I wish Paul Melanson could have met my father. You see, Paul Melanson was the Mainer who sent his grandson into the girls’ bathroom not just once but twice to protest the use of those school facilities by Nicole Maines, a transgender student. Why my dad? Because as embarrassing as it was to my family, my dad liked to talk to strangers—virtually anyone. Maybe, just maybe, if Paul Melanson had met my dad, he would have learned the lesson my father taught us–to embrace, not reject, the unfamiliar, and to live and let live.
Last week, in a case that made national headlines, Maine’s Law Court did the right thing. Maine’s highest court rejected—almost unanimously—a lower court decision that had held that (despite clear language in the Maine Human Rights Act to the contrary), transgender students were not entitled to use the bathroom consistent with their gender identity. Once again manifesting our state motto, Dirigo, Maine became the first state in the country to hold that transgender students have the right to use the bathroom of the gender they identify with, not the bathroom that corresponds with the sex they were assigned at birth.
Although the concurrence of Chief Justice Saufley expressed concern that the decision could be read to permit students free rein to use the bathroom of the opposite sex, and thus called for immediate legislative action to clarify the statute, I do not read the majority decision so broadly. Rather, use of bathrooms of the opposite sex from that assigned at birth is only permitted when there is a clear indication that one’s gender expression does not match one’s assigned sex.

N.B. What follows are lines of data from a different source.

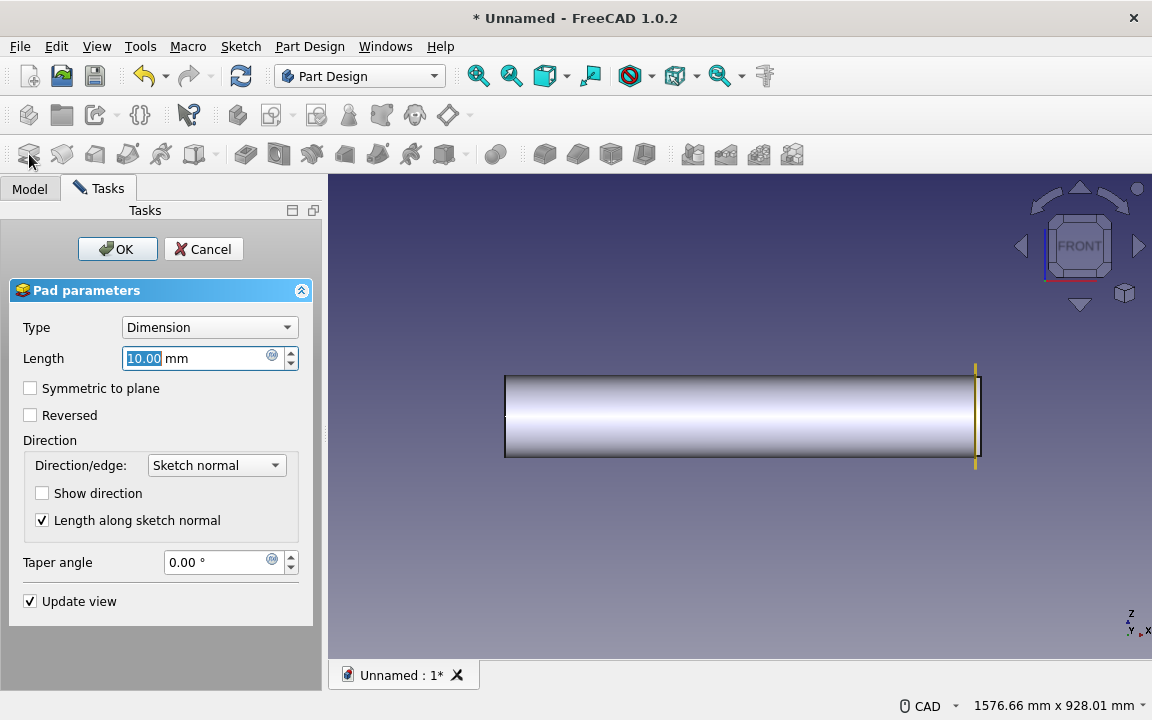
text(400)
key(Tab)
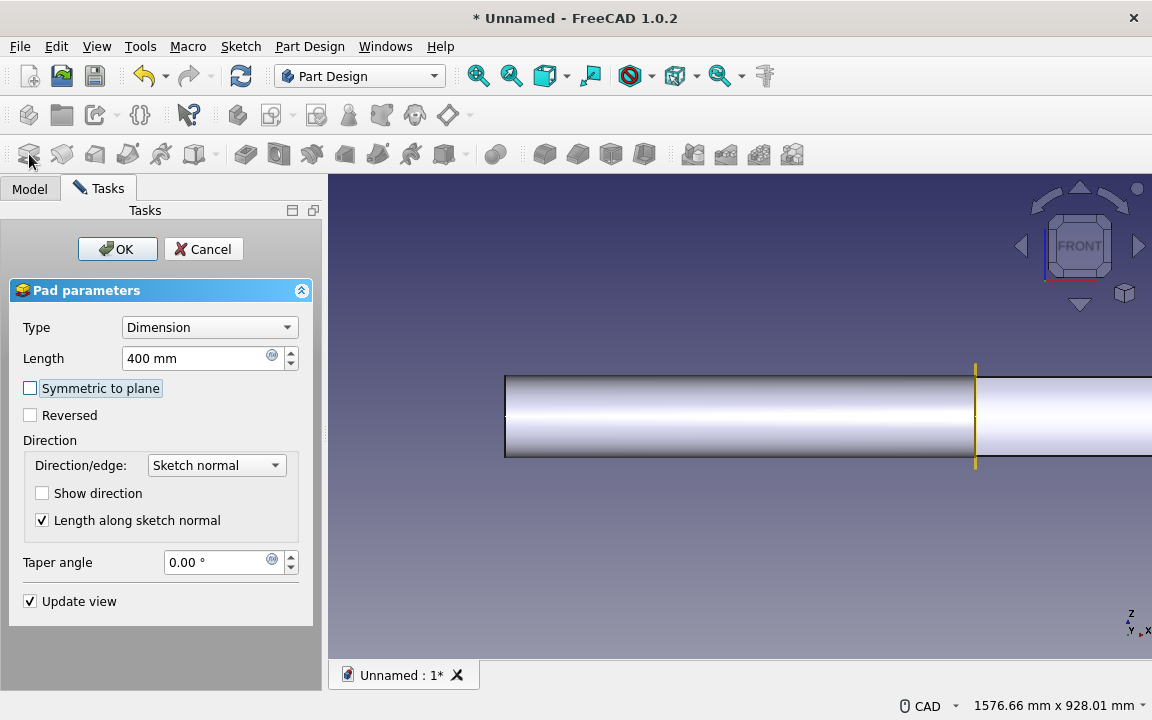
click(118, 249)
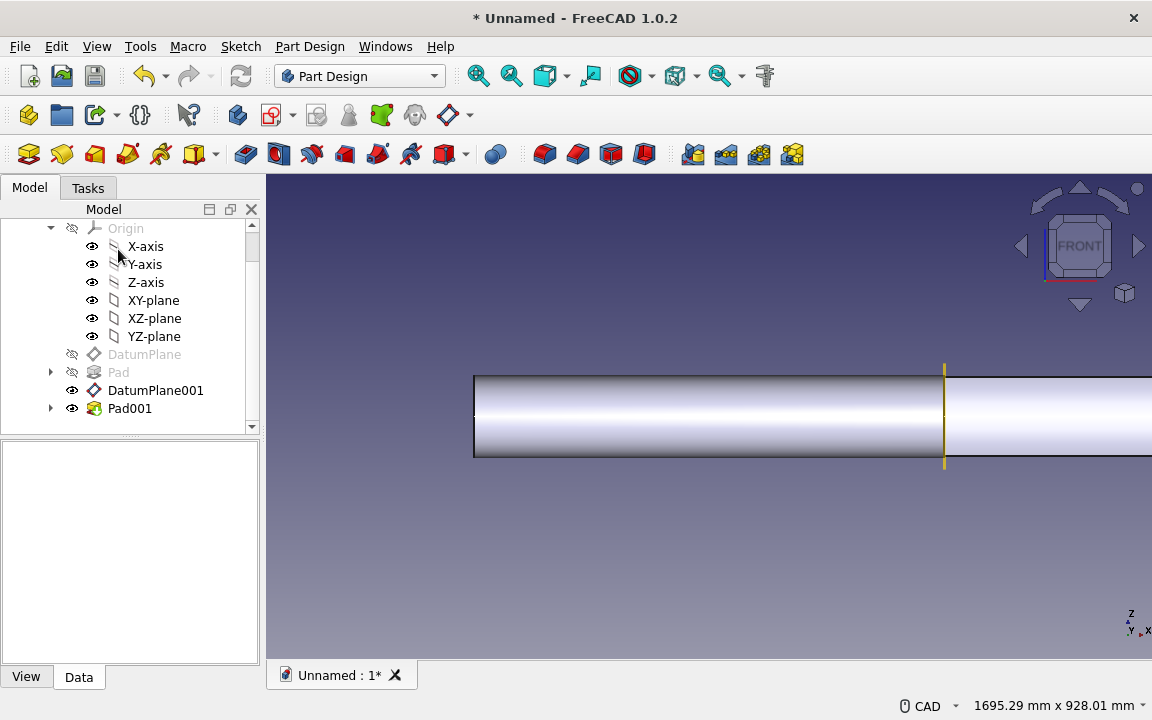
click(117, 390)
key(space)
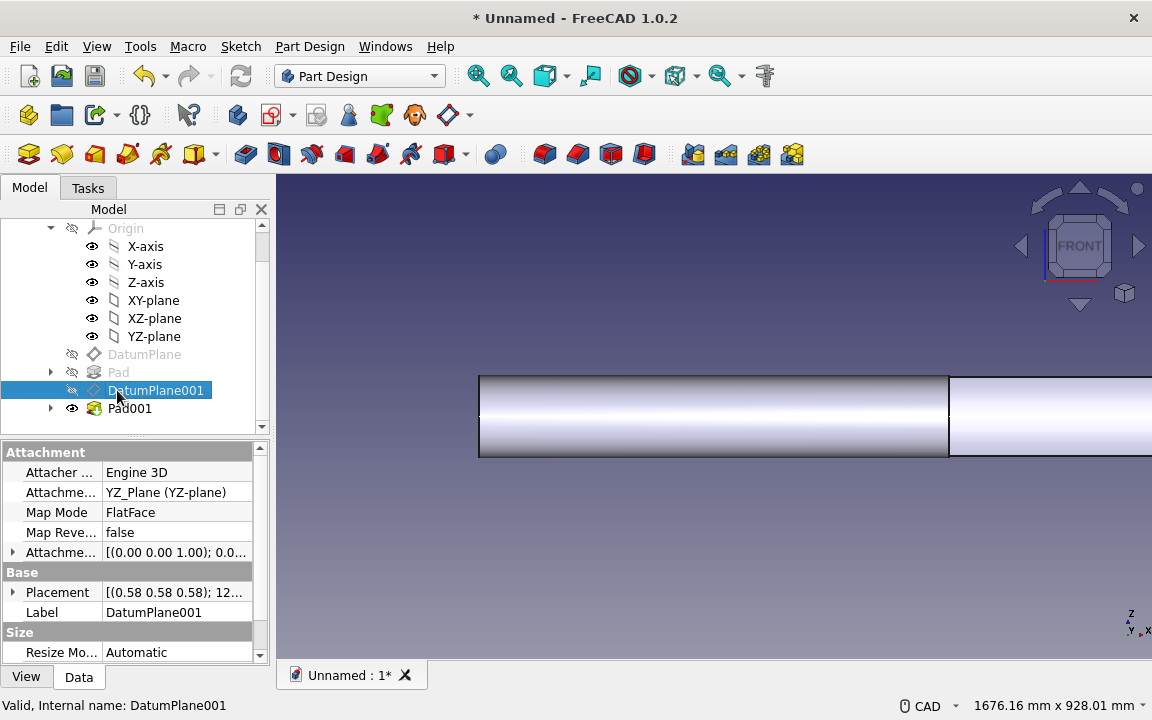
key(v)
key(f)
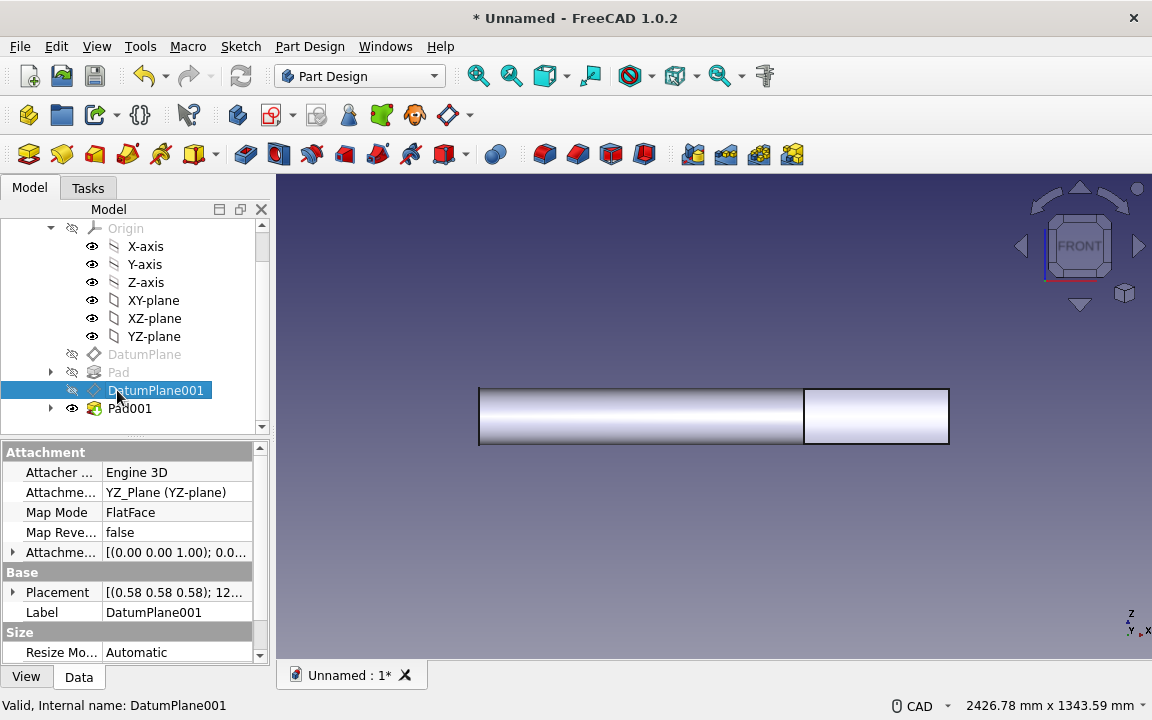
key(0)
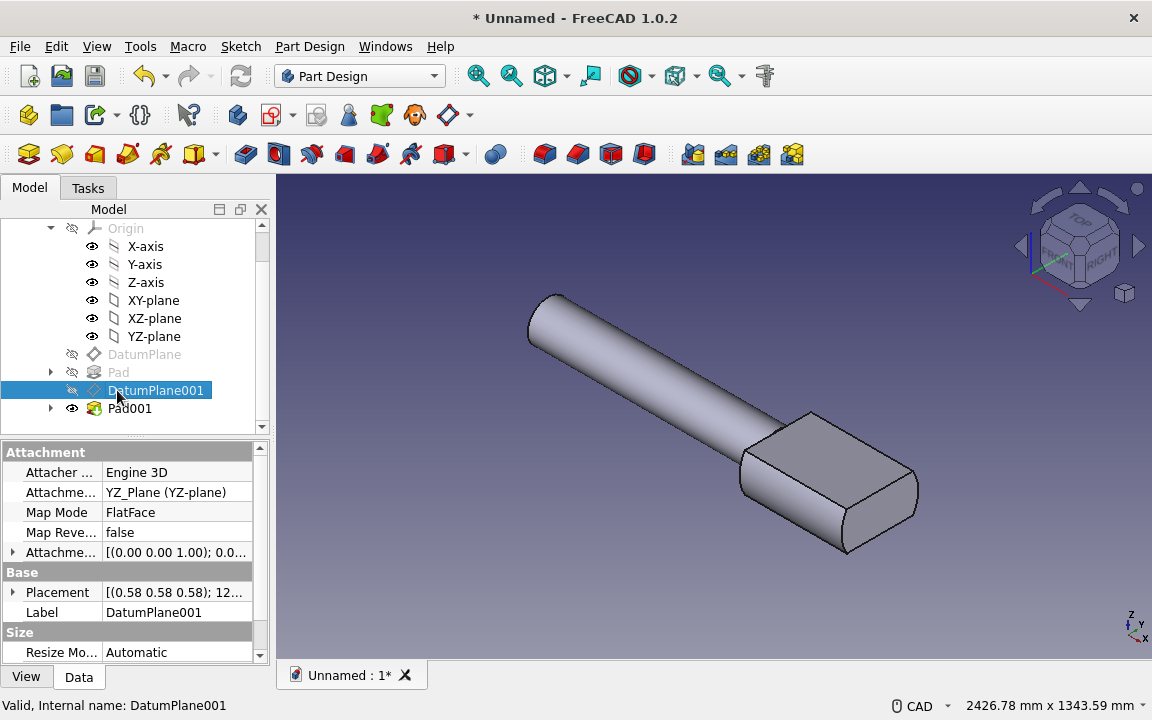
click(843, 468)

In Nicole Maines’ case (referred to in the decision as Susan), she and her parents became aware by the time she entered third grade that although born male, Susan was a girl trapped inside boy’s body. By fourth grade, Susan regularly was dressing as a girl, and the school and parents jointly implemented a program to address Susan’s transition to a girl. The program included, among other things, referring to Susan by her female name and having her use the girls’ bathroom.
Everything went according to plan until Paul Melanson got his knickers in a twist. Using his grandson, over whom he had custody, as a pawn, he directed the boy, who had no gender identity issues, to use the girls’ bathroom on two occasions. Quite properly, the school threw the boy out and told him to mind his own business. Not satisfied, Melanson incredibly went so far as to have his grandson file—unsuccessfully—his own charge of discrimination with the MHRC!
But by this point Melanson had won the battle if not the war. Wary of controversy, the school cast aside its carefully crafted plan, changed course, and instructed Susan to use the staff bathroom. Susan’s family in turn sued, joined by the Maine Human Rights Commission.
Finding in Susan’s favor, the Law Court not only noted the valiant efforts of the school to deal with a difficult issue, but (as most conservatives should like) refused to engage in judicial activism. Rather, the Law Court read the words of the statute precisely as written:
Particularly where young children are involved, it can be challenging for a school to strike the appropriate balance between maintaining order and ensuring that transgender student’s individual rights are respected and protected. Many of the school officials involved in Susan’s education exhibited tremendous sensitivity and insight over several years. The record reveals that her counselors and teachers strove to provide her with a supportive environment and were largely successful. As a result of its efforts, the school came under intense public scrutiny, which caused it to reconsider the propriety of the steps it had taken up to that point and ultimately to reverse course. We appreciate the difficulty of the situation in which the school found itself, nevertheless, we must assess schools’ obligations pursuant to the Legislature’s amendments to the MHRA without regard to the public’s potential discomfort with the result. It is for the Legislature, not this Court, to write laws establishing public policy…
So what now? The good news is that when Susan’s classmates learned of the decision, they cheered. And Susan’s father was a modern day profile in courage; rather than gloat or condemn the Melanson family, he emphasized the importance of educating the public about transgender issues.
Unfortunately my dad passed away some five years ago. But not a day goes by where I don’t have occasion in my work to recall the lessons of tolerance he taught me. Somewhere Dad—and the gods—are smiling.